Entrepreneurshit. The Blog Post on What It’s Really Like. - gedrap
http://www.bothsidesofthetable.com/2012/11/18/entrepreneurshit-the-blog-post-on-what-its-really-like

======
graycat
Mark does a lot of that.

First, on being an 'entrepreneur', the US is awash, by the millions, in
successful entrepreneurs, with only a small fraction with an MBA or knowing
what BizDev is. E.g., once late on a Thursday I needed an electrician, plugged
in my emergency electric generator, very much wanted to get the work done on
Friday and not have to wait until Monday, Tuesday, etc., stayed up nearly
until dawn on Friday getting phone numbers of local electricians and leaving
messages, got back only a few calls, one, just after dawn just leaving to play
golf, with a reference to an electrician who lived a few streets over but
didn't have his name in any place easy to find, called him, got him, and got
the work done. That electrician was actually doing okay as an entrepreneur --
staying busy enough, nice house, wife at home, truck, assistant, and
essentially none of the problems Suster described. The situation is similar
for millions of _Main Street_ entrepreneurs all across the US.

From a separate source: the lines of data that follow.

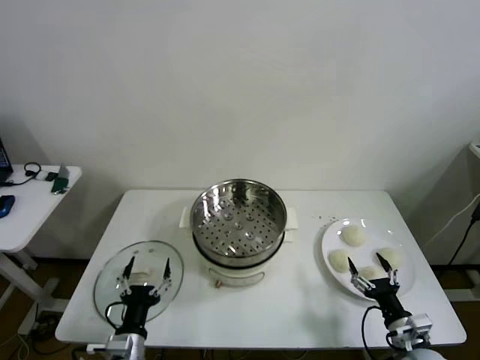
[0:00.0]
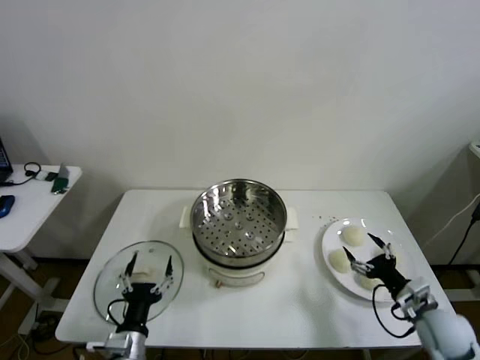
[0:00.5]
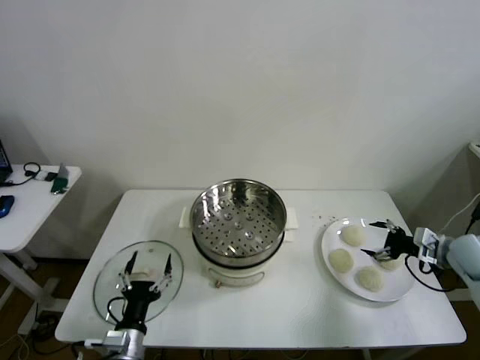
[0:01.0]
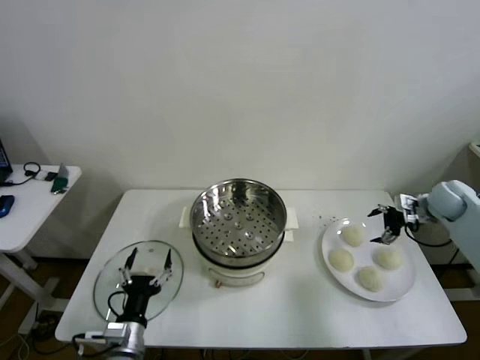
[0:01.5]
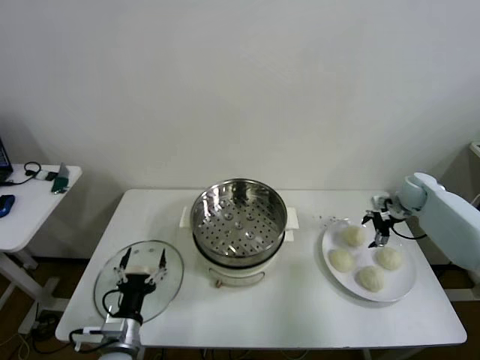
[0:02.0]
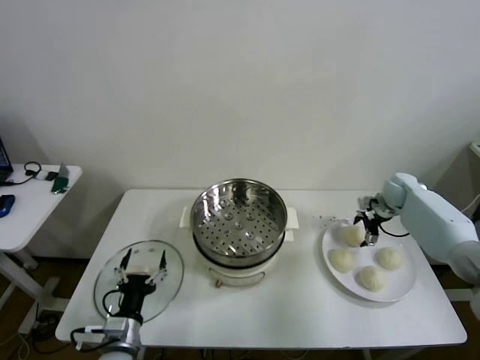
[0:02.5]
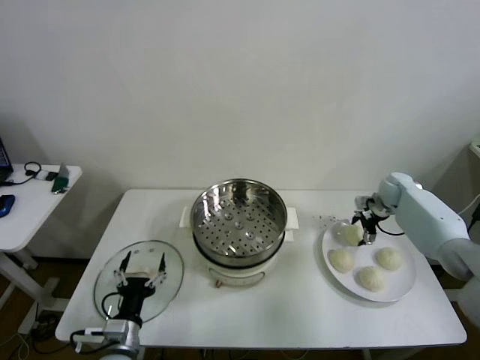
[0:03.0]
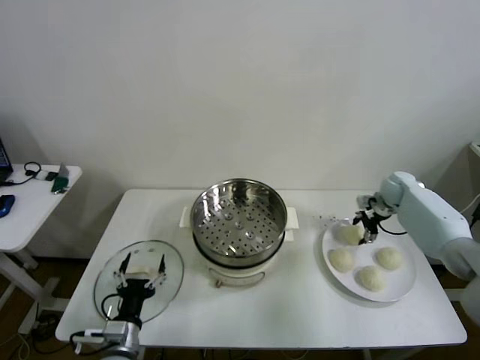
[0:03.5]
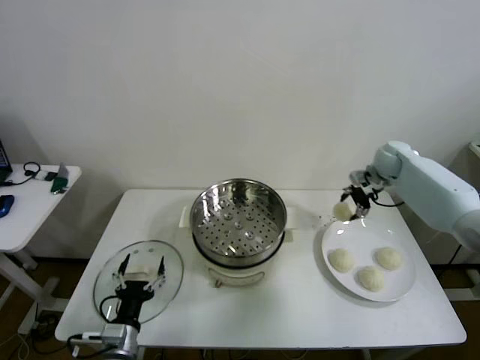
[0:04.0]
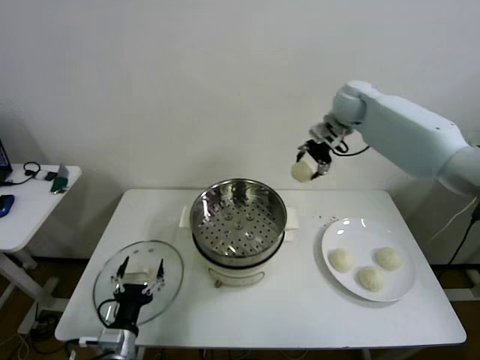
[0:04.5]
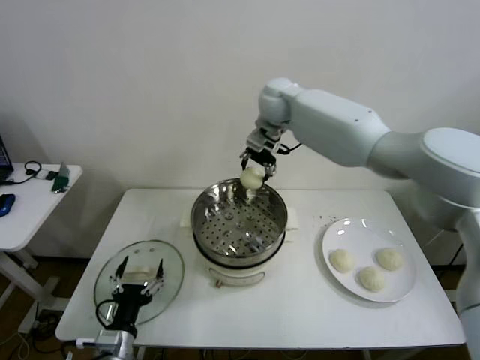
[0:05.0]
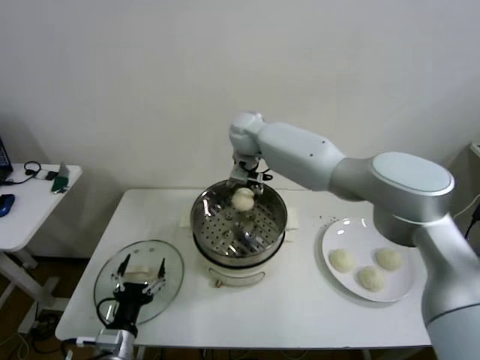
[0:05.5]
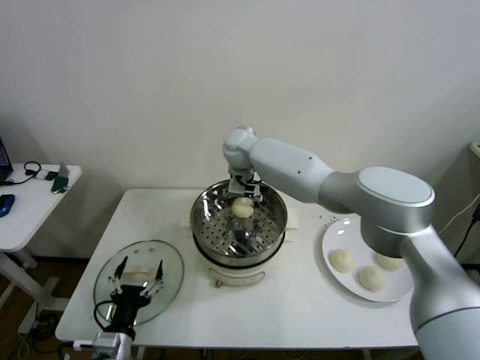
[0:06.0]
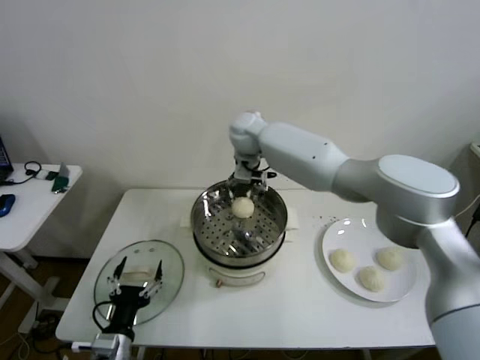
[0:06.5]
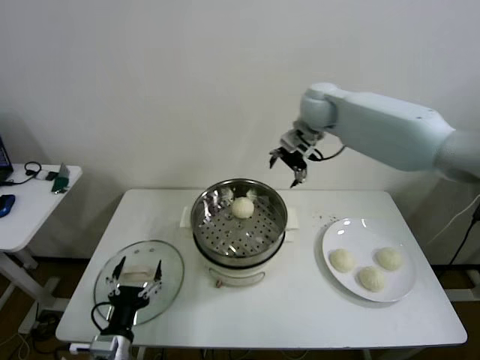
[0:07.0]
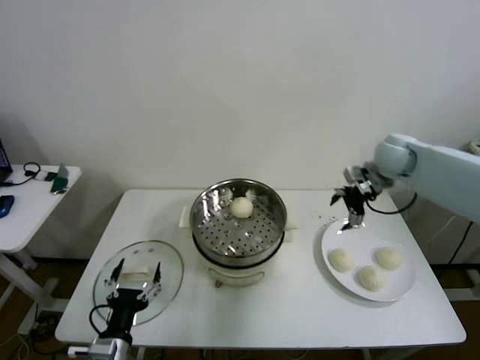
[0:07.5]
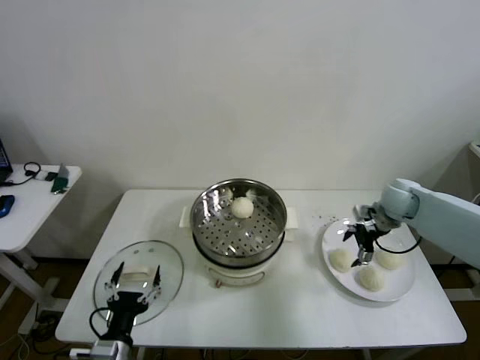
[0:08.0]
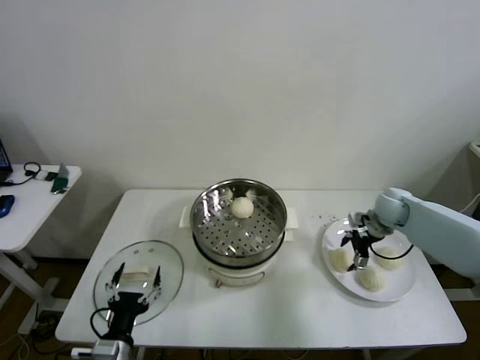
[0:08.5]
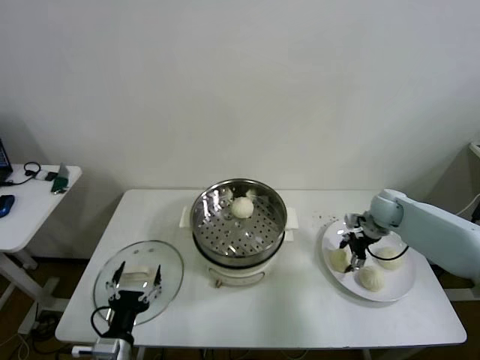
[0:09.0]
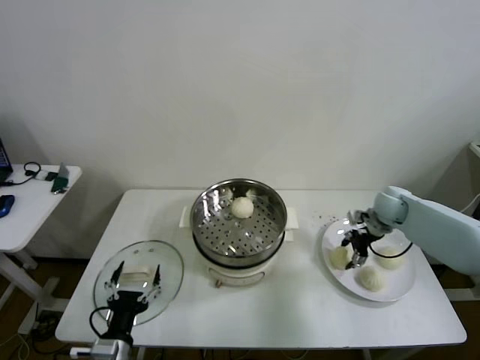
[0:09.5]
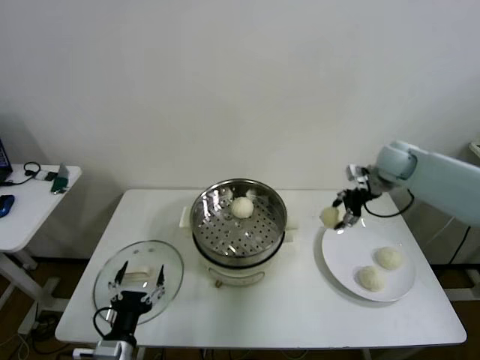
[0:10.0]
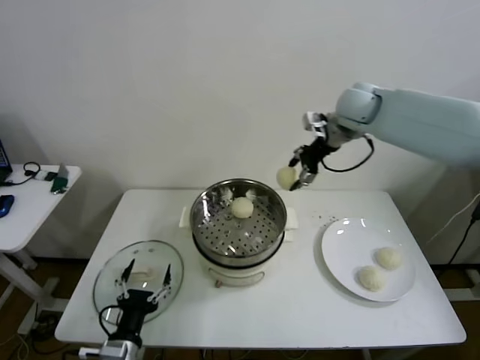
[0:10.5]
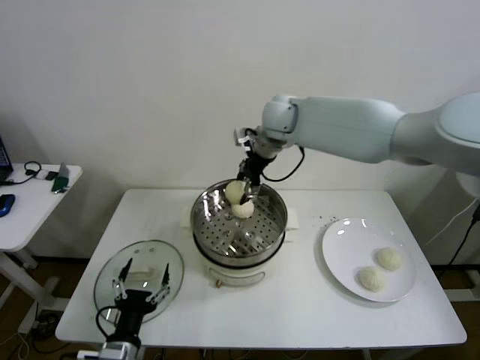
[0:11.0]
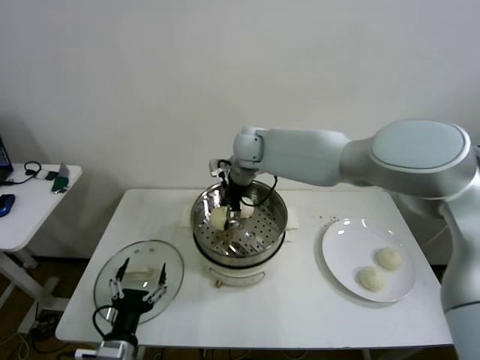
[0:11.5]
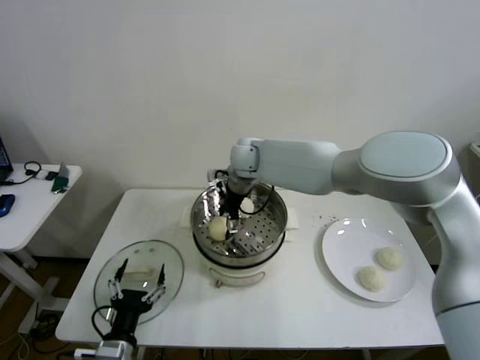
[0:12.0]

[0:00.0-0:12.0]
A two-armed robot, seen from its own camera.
Step, 0:00.0 to 0:03.0: Grasp the baozi in the plate with right gripper.
Step, 0:03.5 to 0:06.0: Place the baozi on the steamer with right gripper.
Step, 0:06.5 to 0:09.0: Grasp the baozi in the plate with right gripper.
0:02.0 to 0:04.0: The right gripper is displaced upward and to the left by about 20 cm, and closes up.
0:04.0 to 0:06.0: The right gripper goes about 35 cm to the left, and opens its fingers.
0:06.0 to 0:08.0: The right gripper moves to the right, approximately 40 cm.
0:08.0 to 0:10.0: The right gripper goes about 15 cm upward, and closes up.
0:10.0 to 0:12.0: The right gripper travels to the left by about 35 cm, and opens.

If an _information technology_ entrepreneur can do better, okay, but mostly he
shouldn't have to do worse.

Second, Suster, in his list of what it takes to be a successful entrepreneur,
leaves out some things that, when left out, can explain why the items on his
list are so ugly.

An example is from WWII: The Allies won against Rommel in North Africa. From
the attributes in Suster's list? Maybe in part, but Suster left out a crucial
point: Something especially effective.

What was that against Rommel? Sure, most of Rommel's supplies went to the
bottom of the Mediterranean. Why? Because the English, maybe with Turing,
broke a German code so that the Allies knew when the German supply ships were
headed for Rommel. The Allies were so careful with the information that they
didn't just attack the ships and, instead, before attacking the ship made sure
to fly a plane over the ship to let the German's think that reconnaissance had
detected the ship and not something else. Eventually Rommel was convinced that
there was a security leak in the Italians.

There were other WWII examples, especially the atomic bomb.

Thankfully for US national security, the US DoD has, now for 70+ years, been
the unique, world class, grand champion of getting some things that are
"especially effective" \-- GPS, stealth, reconnaissance satellites, the SR-71,
etc. What Suster concentrates on has feet locked into concrete making sure not
to do anything "especially effective" as in those examples.

Suster is making a fundamental mistake: He is looking for things that are
exceptionally good but trying to get such things mostly just via ordinary
'true-grit' and without concentrating on things that are "especially
effective".